Now, I understand that the no-emotional-feedback approach, paired with a position-tailored open-ended question set, and some in-interview coding, is terrifying. Most people I interview are scared out of their minds. And yes, this means they won't perform at optimal quality...I account for that in my assessment. But I've also learned the hard way that the final interview needs to be a bit scary, for one simple reason: only an oversized ego can prevent you from having no nerves in that style of interview.
So far, in five years of interviews, that has held 100% true. I've even tested it out, bringing people on despite a sneaking suspicion that their strange confidence hinted at an ego...and it did!
So, interviews are scary. They're nerve-wracking. They're not friendly, cozy, let's-have-coffee-and-chat-about-code affairs. Nor should they be if you want to build and maintain a healthy, proficient team. It won't kill you, and you can have confidence that you AND your co-workers were hired for yourselves, not for your act.

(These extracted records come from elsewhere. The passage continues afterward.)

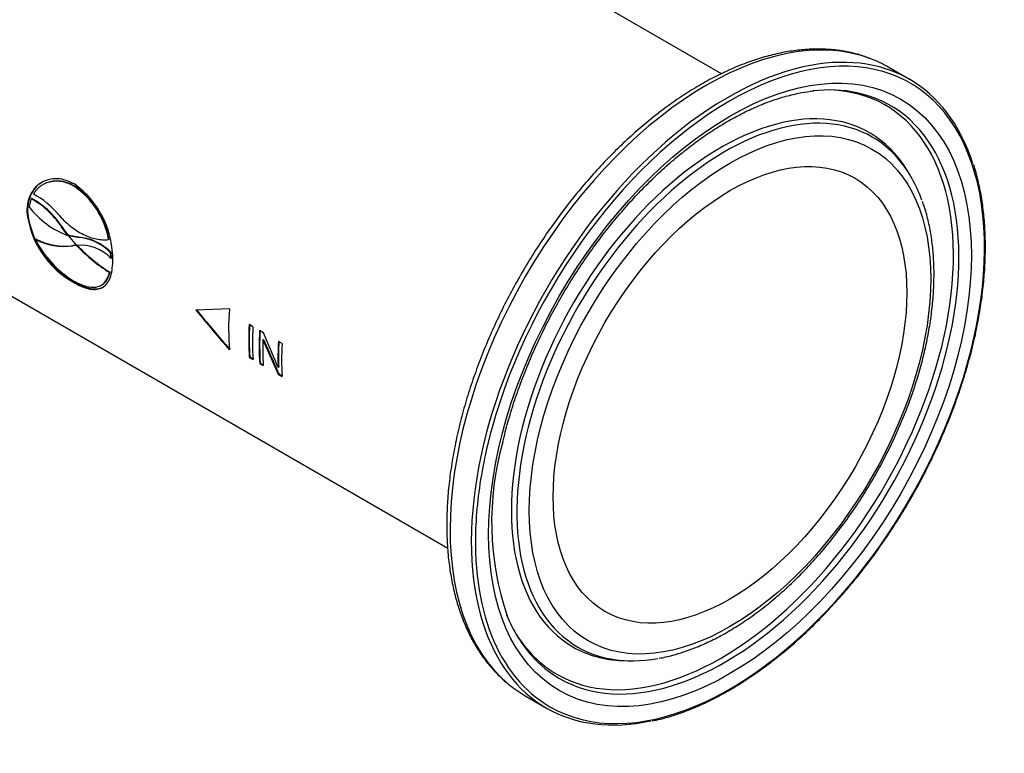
# Paper-space layout 'Invenitec-A4' of a CAD drawing. Header units: millimetres. Extents: x -30 to 265, y -61 to 230.
# Tile 4 of 7: x 212 to 246, y 90 to 116. Entities that reach past the tile are written whole.
import ezdxf

# ---------------------------------------------------------------- set-up
doc = ezdxf.new("R2010")
doc.units = ezdxf.units.MM
doc.layers.add('Default', color=7, linetype='Continuous')
doc.layers.add('FET-15T-15T', color=7, linetype='Continuous')

# ---------------------------------------------------------------- blocks, each defined once
blk = doc.blocks.new('SE5')
at = {"layer": 'FET-15T-15T', "color": 7, "linetype": 'Continuous'}
for p, q in [((267.158, 89.318), (245.692, 101.711)), ((220.836, 94.065), (257.636, 72.818)), ((273.699, 89.121), (272.96, 89.548)), ((273.706, 85.82), (273.622, 85.957)), ((243.63, 85.494), (243.612, 85.486)), ((244.666, 85.405), (244.648, 85.396)), ((243.146, 84.972), (243.074, 84.693)), ((243.163, 84.981), (243.146, 84.972)), ((243.013, 84.538), (242.995, 84.527)), ((244.265, 83.927), (244.248, 83.919)), ((244.432, 83.712), (244.265, 83.927)), ((244.414, 83.703), (244.248, 83.919)), ((244.432, 83.712), (244.414, 83.703)), ((244.452, 83.679), (244.414, 83.703)), ((244.428, 83.686), (244.724, 83.347)), ((244.47, 83.687), (244.432, 83.712)), ((244.47, 83.687), (244.452, 83.679)), ((244.759, 83.623), (244.452, 83.679)), ((244.777, 83.632), (244.47, 83.687)), ((244.777, 83.632), (244.759, 83.623)), ((243.315, 83.562), (243.297, 83.553)), ((244.716, 83.346), (244.591, 83.329)), ((244.609, 83.337), (244.591, 83.329)), ((244.719, 83.353), (244.609, 83.337)), ((244.722, 83.349), (244.716, 83.346)), ((244.736, 83.335), (244.716, 83.346)), ((244.753, 83.344), (244.736, 83.335)), ((244.753, 83.344), (244.747, 83.347)), ((245.855, 83.556), (245.837, 83.548)), ((245.927, 83.101), (245.909, 83.093)), ((245.92, 82.895), (245.909, 83.093)), ((245.938, 82.904), (245.92, 82.895)), ((245.938, 82.904), (245.927, 83.101)), ((245.889, 82.409), (245.871, 82.401)), ((244.666, 82.058), (244.648, 82.043)), ((245.545, 81.942), (245.564, 81.951)), ((250.041, 81.144), (248.878, 81.096)), ((250.862, 80.516), (250.731, 80.592)), ((251.227, 80.306), (251.092, 80.384)), ((251.739, 79.102), (251.227, 80.306)), ((251.225, 80.068), (251.207, 80.058)), ((251.207, 80.058), (251.743, 78.869)), ((251.225, 80.068), (251.761, 78.881)), ((251.875, 79.932), (251.749, 80.005)), ((250.752, 79.464), (250.734, 79.452)), ((250.734, 79.452), (250.865, 79.376)), ((250.752, 79.464), (250.864, 79.399)), ((251.113, 79.255), (251.095, 79.243)), ((251.095, 79.243), (251.222, 79.17)), ((251.113, 79.255), (251.22, 79.193)), ((251.756, 79.113), (251.739, 79.102)), ((251.761, 78.881), (251.743, 78.869)), ((251.743, 78.869), (251.878, 78.791)), ((251.761, 78.881), (251.877, 78.814)), ((263.775, 68.902), (263.937, 68.898)), ((260.335, 67.681), (261.074, 67.254))]:
    blk.add_line(p, q, dxfattribs=at)
for centre, radius, start, end in [((243.015, 83.039), 2.868, 10.2232, 55.2855), ((242.757, 82.868), 3.228, 358.8135, 53.8447), ((243.032, 83.048), 2.868, 10.2174, 55.2818), ((241.67, 82.326), 3.03, 31.717, 60.8482), ((241.687, 82.334), 3.031, 31.72, 60.8478), ((241.953, 82.694), 2.748, 38.8874, 62.4224), ((245.476, 86.51), 3.013, 217.0968, 249.6294), ((246.206, 84.872), 3.229, 186.1284, 241.1641), ((246.22, 84.884), 3.225, 186.1704, 241.1995), ((244.644, 81.862), 1.765, 44.2062, 86.2499), ((244.661, 81.871), 1.765, 44.2075, 86.2473), ((244.313, 85.569), 2.258, 243.2507, 277.0696), ((246.494, 85.168), 3.582, 206.8046, 238.7447), ((244.331, 85.578), 2.257, 243.2456, 277.0637), ((244.873, 81.934), 1.421, 42.5602, 96.0304), ((249.101, 87.481), 6.02, 223.5299, 237.5586), ((249.119, 87.492), 6.022, 223.535, 237.5598), ((284.017, 109.588), 45.238, 219.0359, 221.329), ((284.023, 109.628), 45.249, 219.0741, 221.3647), ((269.308, 73.727), 10.143, 164.1232, 198.7699)]:
    blk.add_arc(centre, radius, start, end, dxfattribs=at)
for centre, major_axis, start_param, end_param in [((266.647, 78.614), (-6.313, -10.934), 3.233397, 6.190475), ((267.457, 78.147), (-6.263, -10.847), 0, 3.891769), ((267.386, 78.188), (-6.313, -10.934), 2.659351, 3.630883), ((266.647, 78.614), (-6.313, -10.934), 3.141593, 3.233397), ((267.386, 78.188), (-6.313, -10.934), 3.630883, 5.801478), ((267.15, 78.324), (-5.714, -9.896), 0, 3.435203), ((267.284, 78.246), (-5.754, -9.966), 3.328242, 3.542022), ((267.457, 78.147), (-6.263, -10.847), 3.891769, 5.134084), ((267.284, 78.246), (-5.754, -9.966), 0, 3.328242), ((267.15, 78.324), (-5.161, -8.94), 2.844212, 6.283185), ((267.284, 78.246), (-5.121, -8.87), 2.928913, 6.283185), ((267.284, 78.246), (-5.121, -8.87), 2.686958, 2.928913), ((267.15, 78.324), (-5.161, -8.94), -3.446442, -3.438973), ((256.75, 84.328), (-4.763, -8.249), -0.874112, -0.689529), ((257.449, 83.925), (-4.763, -8.249), -0.855739, -0.708757), ((257.449, 83.925), (-4.75, -8.227), -0.855739, -0.708757), ((257.581, 83.849), (-4.763, -8.249), -0.855739, -0.708757), ((257.811, 83.716), (-4.763, -8.249), -0.855739, -0.708757), ((257.811, 83.716), (-4.75, -8.227), -0.855739, -0.708757), ((257.937, 83.643), (-4.763, -8.249), -0.824131, -0.708757), ((258.467, 83.337), (-4.763, -8.249), -0.855739, -0.740365), ((258.467, 83.337), (-4.75, -8.227), -0.855739, -0.740365), ((258.594, 83.264), (-4.763, -8.249), -0.855739, -0.708757), ((267.457, 78.147), (-6.263, -10.847), -1.149101, -1.068085), ((267.457, 78.147), (-6.263, -10.847), -1.068085, -0.856193), ((267.457, 78.147), (-6.263, -10.847), 5.426992, 6.283185), ((267.284, 78.246), (-5.754, -9.966), 5.864268, 6.096808), ((267.386, 78.188), (-6.313, -10.934), 5.801478, 6.283185), ((267.15, 78.324), (-5.714, -9.896), 5.987261, 6.283185), ((267.15, 78.324), (-5.161, -8.94), 0, 0.2964), ((267.284, 78.246), (-5.121, -8.87), 0, 0.204905), ((267.284, 78.246), (-5.754, -9.966), 6.096808, 6.283185), ((267.284, 78.246), (-5.121, -8.87), 0.204905, 0.45657), ((267.15, 78.324), (-5.161, -8.94), 0.2964, 0.304849), ((266.647, 78.614), (-6.313, -10.934), 6.190475, 6.283185), ((267.386, 78.188), (-6.313, -10.934), 0, 0.479864)]:
    blk.add_ellipse(centre, major_axis=major_axis, ratio=0.57735, start_param=start_param, end_param=end_param, dxfattribs=at)
for major_axis in [(-5.938, -10.285), (-4.937, -8.551), (4.35, 7.534)]:
    blk.add_ellipse((267.457, 78.147), major_axis=major_axis, ratio=0.57735, dxfattribs=at)
for points, knots in [([(272.316, 89.853), (272.16, 89.909), (271.889, 90.004), (271.413, 90.108), (270.922, 90.167), (270.411, 90.181), (269.886, 90.148), (269.347, 90.07), (268.797, 89.945), (268.239, 89.775), (267.674, 89.56), (267.106, 89.301), (266.536, 89), (265.967, 88.657), (265.401, 88.274), (264.84, 87.853), (264.287, 87.396), (263.744, 86.904), (263.213, 86.38), (262.695, 85.825), (262.193, 85.242), (261.708, 84.633), (261.243, 84), (260.799, 83.347), (260.378, 82.675), (259.981, 81.987), (259.611, 81.286), (259.268, 80.574), (258.954, 79.855), (258.67, 79.13), (258.419, 78.407), (258.191, 77.661), (258.078, 77.209), (258.011, 76.938)], [0, 0, 0, 0, 0.029765, 0.061294, 0.092945, 0.124747, 0.15671, 0.188823, 0.221065, 0.253408, 0.285822, 0.318281, 0.350766, 0.383259, 0.415748, 0.448226, 0.480691, 0.513141, 0.545576, 0.577997, 0.610406, 0.642804, 0.675193, 0.707576, 0.739956, 0.772333, 0.804712, 0.837093, 0.86948, 0.901873, 0.934276, 0.966692, 1, 1, 1, 1]), ([(259.552, 76.501), (259.584, 76.632), (259.662, 76.955), (259.829, 77.547), (260.054, 78.232), (260.311, 78.923), (260.598, 79.61), (260.914, 80.292), (261.258, 80.965), (261.628, 81.626), (262.022, 82.273), (262.439, 82.903), (262.876, 83.512), (263.333, 84.098), (263.806, 84.659), (264.294, 85.192), (264.795, 85.694), (265.305, 86.164), (265.824, 86.6), (266.347, 86.999), (266.874, 87.361), (267.401, 87.683), (267.926, 87.965), (268.447, 88.204), (268.962, 88.402), (269.465, 88.555), (269.946, 88.665), (270.22, 88.7), (270.37, 88.718)], [0, 0, 0, 0, 0.020676, 0.060091, 0.099528, 0.138982, 0.17845, 0.217928, 0.257415, 0.296906, 0.336399, 0.375889, 0.415372, 0.454845, 0.494305, 0.533749, 0.573173, 0.612575, 0.651952, 0.691302, 0.730625, 0.769922, 0.809197, 0.848458, 0.887716, 0.926985, 0.966291, 1, 1, 1, 1]), ([(264.745, 66.804), (264.85, 66.826), (265.107, 66.879), (265.583, 67.023), (266.135, 67.226), (266.696, 67.476), (267.259, 67.768), (267.823, 68.101), (268.385, 68.474), (268.942, 68.885), (269.494, 69.333), (270.037, 69.816), (270.569, 70.332), (271.089, 70.88), (271.594, 71.455), (272.083, 72.058), (272.553, 72.685), (273.003, 73.333), (273.43, 74), (273.834, 74.684), (274.212, 75.382), (274.563, 76.091), (274.886, 76.808), (275.179, 77.531), (275.442, 78.256), (275.673, 78.981), (275.871, 79.703), (276.036, 80.419), (276.166, 81.126), (276.262, 81.822), (276.323, 82.503), (276.348, 83.168), (276.337, 83.813), (276.291, 84.436), (276.21, 85.036), (276.092, 85.6), (275.994, 85.984), (275.935, 86.148), (275.934, 86.151)], [0, 0, 0, 0, 0.015442, 0.044365, 0.073304, 0.102253, 0.131207, 0.160164, 0.189119, 0.218072, 0.247022, 0.275969, 0.304912, 0.333852, 0.36279, 0.391724, 0.420657, 0.449588, 0.478519, 0.507448, 0.536378, 0.565309, 0.59424, 0.623172, 0.652107, 0.681044, 0.709984, 0.738928, 0.767875, 0.796827, 0.825783, 0.854743, 0.883707, 0.912674, 0.941642, 0.970607, 0.999565, 1, 1, 1, 1]), ([(244.662, 85.475), (244.464, 85.581), (244.259, 85.653), (243.865, 85.673), (243.677, 85.628), (243.359, 85.447), (243.226, 85.308), (243.045, 84.964), (243.002, 84.751), (242.995, 84.527)], [0, 0, 0, 0, 0.25, 0.25, 0.5, 0.5, 0.75, 0.75, 1, 1, 1, 1]), ([(243.672, 85.608), (243.626, 85.591), (243.582, 85.571), (243.378, 85.456), (243.246, 85.321), (243.062, 84.973), (243.019, 84.761), (243.013, 84.538)], [0.4344283, 0.4344283, 0.4344283, 0.4344283, 0.5, 0.5, 0.75, 0.75, 1, 1, 1, 1]), ([(244.648, 85.396), (244.614, 85.415), (244.58, 85.434), (244.512, 85.467), (244.477, 85.482), (244.375, 85.521), (244.306, 85.542), (244.169, 85.569), (244.1, 85.577), (243.966, 85.578), (243.901, 85.572), (243.711, 85.536), (243.591, 85.485), (243.436, 85.377), (243.388, 85.335), (243.322, 85.264), (243.301, 85.239), (243.262, 85.186), (243.243, 85.158), (243.225, 85.13)], [0, 0, 0, 0, 0.0625, 0.0625, 0.125, 0.125, 0.25, 0.25, 0.375, 0.375, 0.5, 0.5, 0.75, 0.75, 0.875, 0.875, 0.9375, 0.9375, 1, 1, 1, 1]), ([(244.666, 85.405), (244.632, 85.423), (244.598, 85.442), (244.529, 85.476), (244.495, 85.49), (244.392, 85.53), (244.324, 85.55), (244.186, 85.578), (244.117, 85.585), (243.984, 85.587), (243.918, 85.581), (243.777, 85.554), (243.701, 85.528), (243.63, 85.494)], [0, 0, 0, 0, 0.0625, 0.0625, 0.125, 0.125, 0.25, 0.25, 0.375, 0.375, 0.5, 0.5, 0.6553678, 0.6553678, 0.6553678, 0.6553678]), ([(264.992, 68.989), (265.03, 68.995), (265.217, 69.023), (265.599, 69.124), (266.102, 69.289), (266.616, 69.503), (267.132, 69.76), (267.647, 70.059), (268.16, 70.398), (268.667, 70.775), (269.166, 71.189), (269.656, 71.638), (270.133, 72.118), (270.595, 72.629), (271.041, 73.166), (271.468, 73.728), (271.875, 74.312), (272.259, 74.916), (272.618, 75.535), (272.952, 76.168), (273.257, 76.811), (273.534, 77.461), (273.78, 78.116), (273.994, 78.772), (274.175, 79.425), (274.323, 80.074), (274.435, 80.715), (274.513, 81.344), (274.554, 81.96), (274.559, 82.559), (274.528, 83.137), (274.46, 83.695), (274.354, 84.22), (274.246, 84.624), (274.171, 84.818), (274.15, 84.873)], [0, 0, 0, 0, 0.006586, 0.038076, 0.069692, 0.101395, 0.133148, 0.164924, 0.196702, 0.228467, 0.260216, 0.291945, 0.323655, 0.355347, 0.387023, 0.418687, 0.450341, 0.481989, 0.513634, 0.545281, 0.576932, 0.608589, 0.640257, 0.67194, 0.70364, 0.735362, 0.767107, 0.798878, 0.830675, 0.862497, 0.894338, 0.926189, 0.958025, 0.989819, 1, 1, 1, 1]), ([(244.092, 84.42), (244.126, 84.382), (244.16, 84.344), (244.229, 84.272), (244.264, 84.237), (244.37, 84.135), (244.442, 84.072), (244.664, 83.896), (244.814, 83.801), (245.039, 83.69), (245.114, 83.658), (245.264, 83.606), (245.338, 83.585), (245.484, 83.556), (245.556, 83.546), (245.662, 83.54), (245.698, 83.539), (245.768, 83.542), (245.802, 83.545), (245.837, 83.548)], [0, 0, 0, 0, 0.0625, 0.0625, 0.125, 0.125, 0.25, 0.25, 0.5, 0.5, 0.625, 0.625, 0.75, 0.75, 0.875, 0.875, 0.9375, 0.9375, 1, 1, 1, 1]), ([(244.648, 82.043), (244.844, 81.936), (245.033, 81.855), (245.365, 81.8), (245.511, 81.82), (245.742, 81.951), (245.833, 82.066), (245.953, 82.375), (245.978, 82.578), (245.985, 82.801)], [0, 0, 0, 0, 0.25, 0.25, 0.5, 0.5, 0.75, 0.75, 1, 1, 1, 1]), ([(244.635, 82.107), (244.673, 82.085), (244.711, 82.064), (244.786, 82.026), (244.823, 82.009), (244.931, 81.963), (245.001, 81.938), (245.137, 81.903), (245.202, 81.893), (245.323, 81.888), (245.381, 81.892), (245.488, 81.916), (245.538, 81.936), (245.629, 81.99), (245.669, 82.024), (245.742, 82.107), (245.775, 82.157), (245.816, 82.24), (245.829, 82.27), (245.852, 82.333), (245.861, 82.367), (245.871, 82.401)], [0, 0, 0, 0, 0.0625, 0.0625, 0.125, 0.125, 0.25, 0.25, 0.375, 0.375, 0.5, 0.5, 0.625, 0.625, 0.75, 0.75, 0.875, 0.875, 0.9375, 0.9375, 1, 1, 1, 1]), ([(245.564, 81.951), (245.577, 81.958), (245.589, 81.964), (245.647, 81.999), (245.687, 82.033), (245.76, 82.116), (245.793, 82.165), (245.834, 82.249), (245.847, 82.279), (245.869, 82.342), (245.879, 82.375), (245.889, 82.409)], [0.5912905, 0.5912905, 0.5912905, 0.5912905, 0.625, 0.625, 0.75, 0.75, 0.875, 0.875, 0.9375, 0.9375, 1, 1, 1, 1]), ([(244.666, 82.058), (244.861, 81.95), (245.048, 81.87), (245.379, 81.814), (245.522, 81.831), (245.66, 81.908), (245.678, 81.919), (245.696, 81.932)], [0, 0, 0, 0, 0.25, 0.25, 0.5, 0.5, 0.5401057, 0.5401057, 0.5401057, 0.5401057]), ([(258.011, 76.938), (257.98, 76.799), (257.902, 76.458), (257.787, 75.843), (257.689, 75.147), (257.625, 74.458), (257.598, 73.786), (257.607, 73.133), (257.652, 72.5), (257.734, 71.891), (257.853, 71.308), (258.007, 70.754), (258.197, 70.231), (258.422, 69.741), (258.68, 69.288), (258.971, 68.871), (259.291, 68.5), (259.559, 68.234), (259.709, 68.12), (259.745, 68.093)], [0, 0, 0, 0, 0.033515, 0.097079, 0.160683, 0.224326, 0.288005, 0.351718, 0.415454, 0.479195, 0.542909, 0.606559, 0.670095, 0.733458, 0.796585, 0.859422, 0.921931, 0.984112, 1, 1, 1, 1])]:
    blk.add_open_spline(points, degree=3, knots=knots, dxfattribs=at)

psp = doc.layouts.new('Invenitec-A4')

# ---------------------------------------------------------------- block references
at = {"layer": 'Default'}
psp.add_blockref('SE5', (-30.5323, 24.4337), dxfattribs=at)

doc.saveas('drawing.dxf')

That leads to my last point: in my experience, people that have to fight through an intimidating interview are less likely to leave the job for petty reasons. Why? Simple emotional economics: it's worth more to you.
Why I don't whiteboard.
I actually had a good whiteboarding session in an interview last week. Unlike other, artificial, whiteboarding exercises like you described in your blog article, I was asked to draw out and describe a web services application I had written. Since I drew upon knowledge I had, it was an easy, comfortable, task as compared to annoying exercises like Fibonacci numbers and such.
I absolutely agree with that style of "whiteboarding". I have candidates write some code before the interview (they have a week on the challenge), and then they send it for us to review 24-hours before the final interview. Then, during the interview, I have them make a change or fix a bug in their own code. It works phenomenally well.